In January 1938 in Paris, Beckett was stabbed in the chest and nearly killed when he refused the solicitations of a notorious pimp (who went by the name of Prudent). Joyce arranged a private room for Beckett at the hospital. The publicity surrounding the stabbing attracted the attention of Suzanne Dechevaux-Dumesnil, who previously knew Beckett slightly from his first stay in Paris. This time, however, the two would begin a lifelong companionship. At a preliminary hearing, Beckett asked his attacker for the motive behind the stabbing. Prudent replied: "Je ne sais pas, Monsieur. Je m'excuse" ["I do not know, sir. I'm sorry"].[14] Beckett eventually dropped the charges against his attacker—partially to avoid further formalities, partly because he found Prudent likeable and well-mannered.
World War II
Beckett joined the French Resistance after the 1940 occupation by Germany, in which he worked as a courier. On several occasions over the next two years he was nearly caught by the Gestapo. In August 1942, his unit was betrayed and he and Suzanne fled south on foot to the safety of the small village of Roussillon, in the Vaucluse département in Provence-Alpes-Côte d'Azur. There he continued to assist the Resistance by storing armaments in the back yard of his home. During the two years that Beckett stayed in Roussillon he indirectly helped the Maquis sabotage the German army in the Vaucluse mountains, though he rarely spoke about his wartime work in later life.[15]
Beckett was awarded the Croix de guerre and the Médaille de la Résistance by the French government for his efforts in fighting the German occupation; to the end of his life, however, Beckett would refer to his work with the French Resistance as "boy scout stuff".[16][17] While in hiding in Roussillon, he continued work on the novel Watt (begun in 1941 and completed in 1945, but not published until 1953, though an extract had appeared in the Dublin literary periodical Envoy).
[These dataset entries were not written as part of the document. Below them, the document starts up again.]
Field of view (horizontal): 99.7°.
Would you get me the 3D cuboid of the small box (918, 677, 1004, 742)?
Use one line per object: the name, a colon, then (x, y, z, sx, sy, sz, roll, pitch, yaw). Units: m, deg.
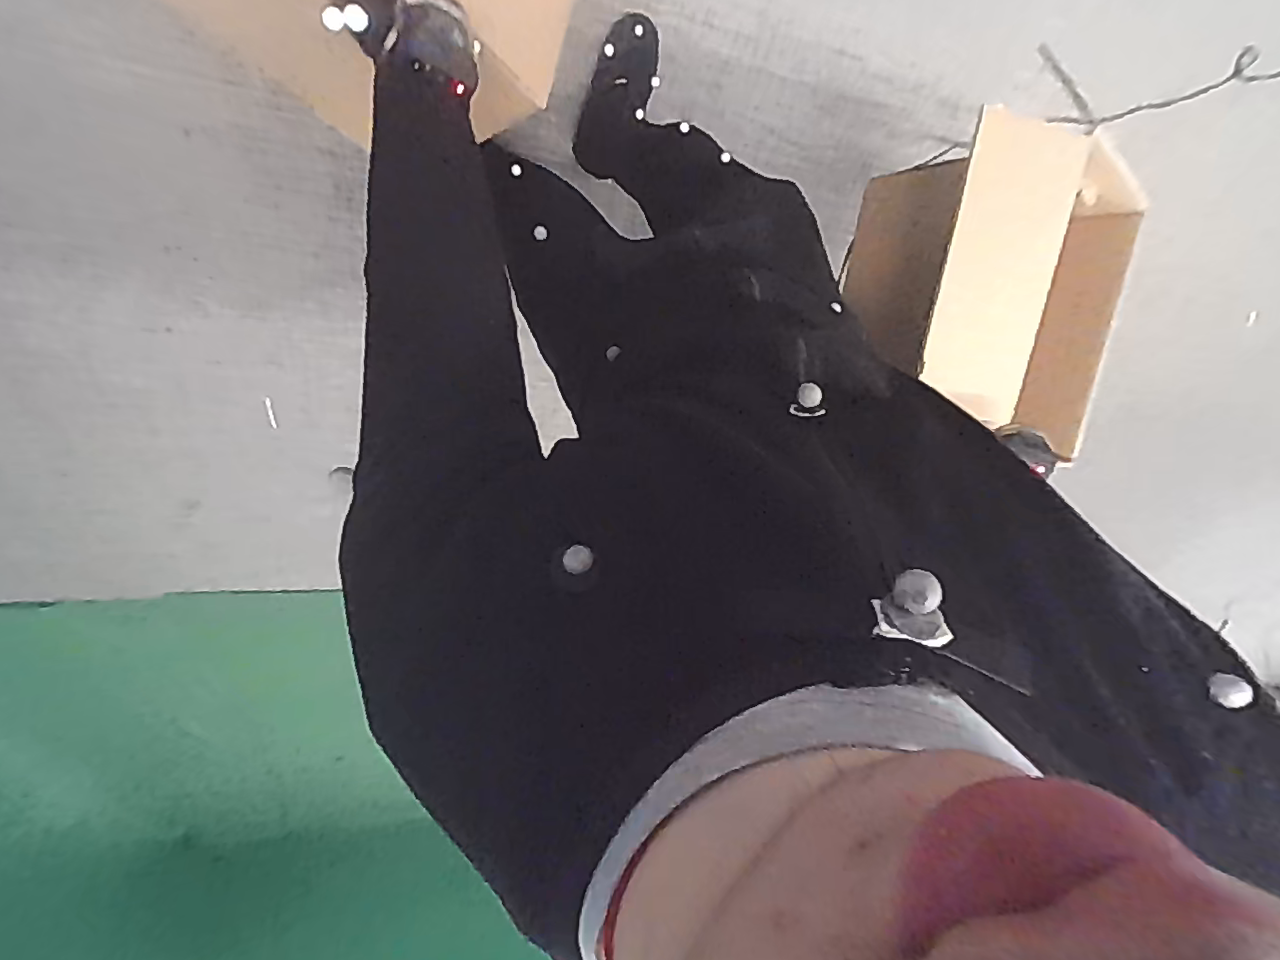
small box: (1.132, 0.811, 1.926, 0.168, 0.176, 0.179, -2, 139, -10)

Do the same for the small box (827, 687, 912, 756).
small box: (0.772, 0.820, 1.842, 0.179, 0.176, 0.168, 5, 135, -18)

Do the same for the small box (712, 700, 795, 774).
small box: (0.356, 0.816, 1.726, 0.179, 0.176, 0.168, 8, 133, -21)
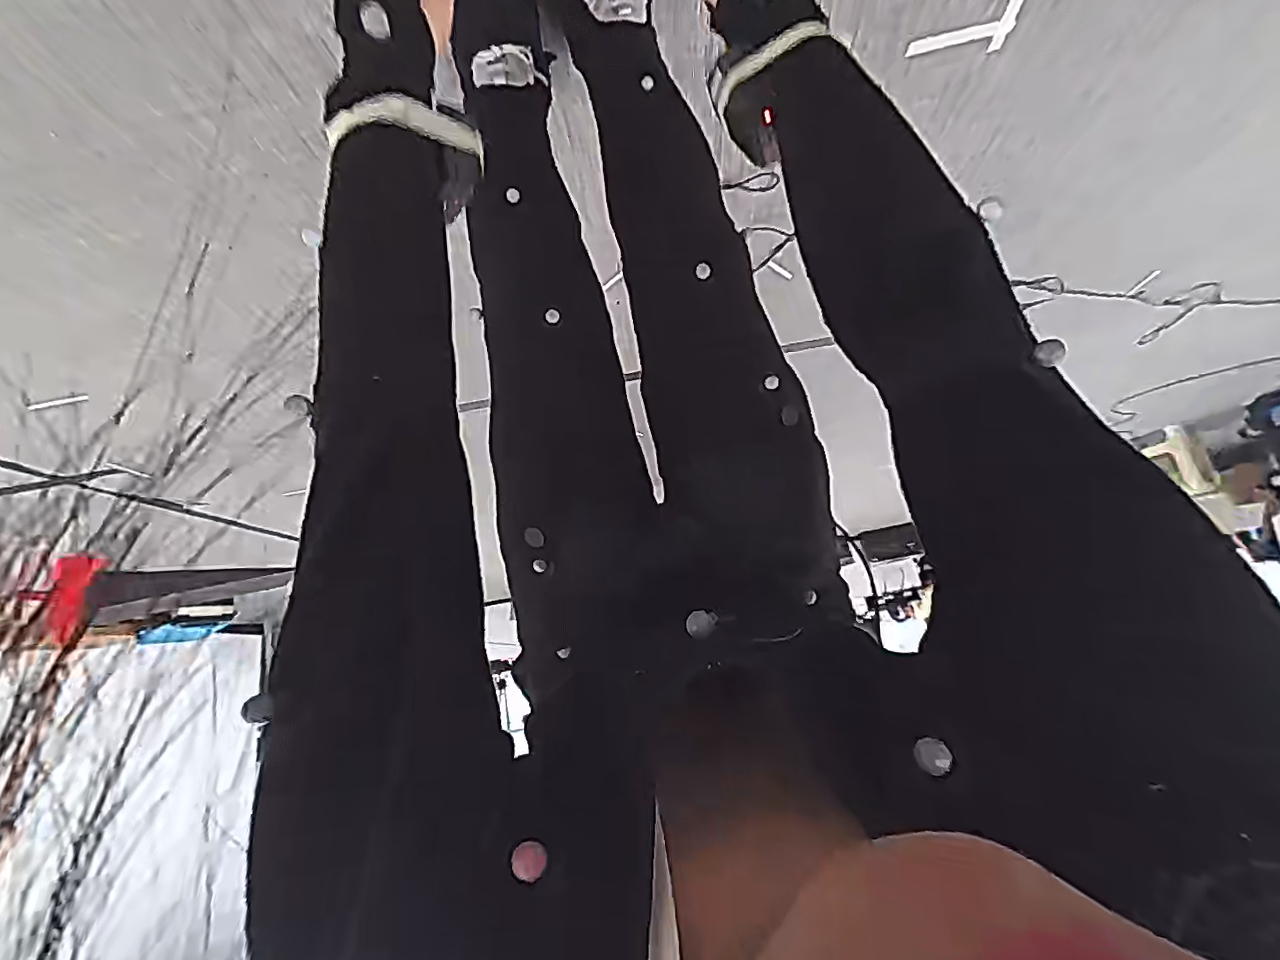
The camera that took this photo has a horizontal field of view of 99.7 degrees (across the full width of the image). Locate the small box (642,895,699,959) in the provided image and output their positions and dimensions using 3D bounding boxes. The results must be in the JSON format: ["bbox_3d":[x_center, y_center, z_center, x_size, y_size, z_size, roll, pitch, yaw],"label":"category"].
[{"bbox_3d":[0.104,1.549,1.834,0.168,0.176,0.179,-10,164,4],"label":"small box"}]

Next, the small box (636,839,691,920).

Fame: novels and the theatre
In 1945, Beckett returned to Dublin for a brief visit. During his stay, he had a revelation in his mother’s room: his entire future direction in literature appeared to him. Beckett had felt that he would remain forever in the shadow of Joyce, certain to never best him at his own game. His revelation prompted him to change direction and to acknowledge both his own stupidity and his interest in ignorance and impotence:
"I realized that Joyce had gone as far as one could in the direction of knowing more, [being] in control of one’s material. He was always adding to it; you only have to look at his proofs to see that. I realized that my own way was in impoverishment, in lack of knowledge and in taking away, in subtracting rather than in adding."[18]
Knowlson argues that "Beckett was rejecting the Joycean principle that knowing more was a way of creatively understanding the world and controlling it ... In future, his work would focus on poverty, failure, exile and loss – as he put it, on man as a 'non-knower' and as a 'non-can-er.'"[19] The revelation "has rightly been regarded as a pivotal moment in his entire career." Beckett fictionalised the experience in his play Krapp's Last Tape (1958). While listening to a tape he made earlier in his life, Krapp hears his younger self say "clear to me at last that the dark I have always struggled to keep under is in reality my most...", at which point Krapp fast-forwards the tape (before the audience can hear the complete revelation). Beckett later explained to Knowlson that the missing words on the tape are "precious ally".[19]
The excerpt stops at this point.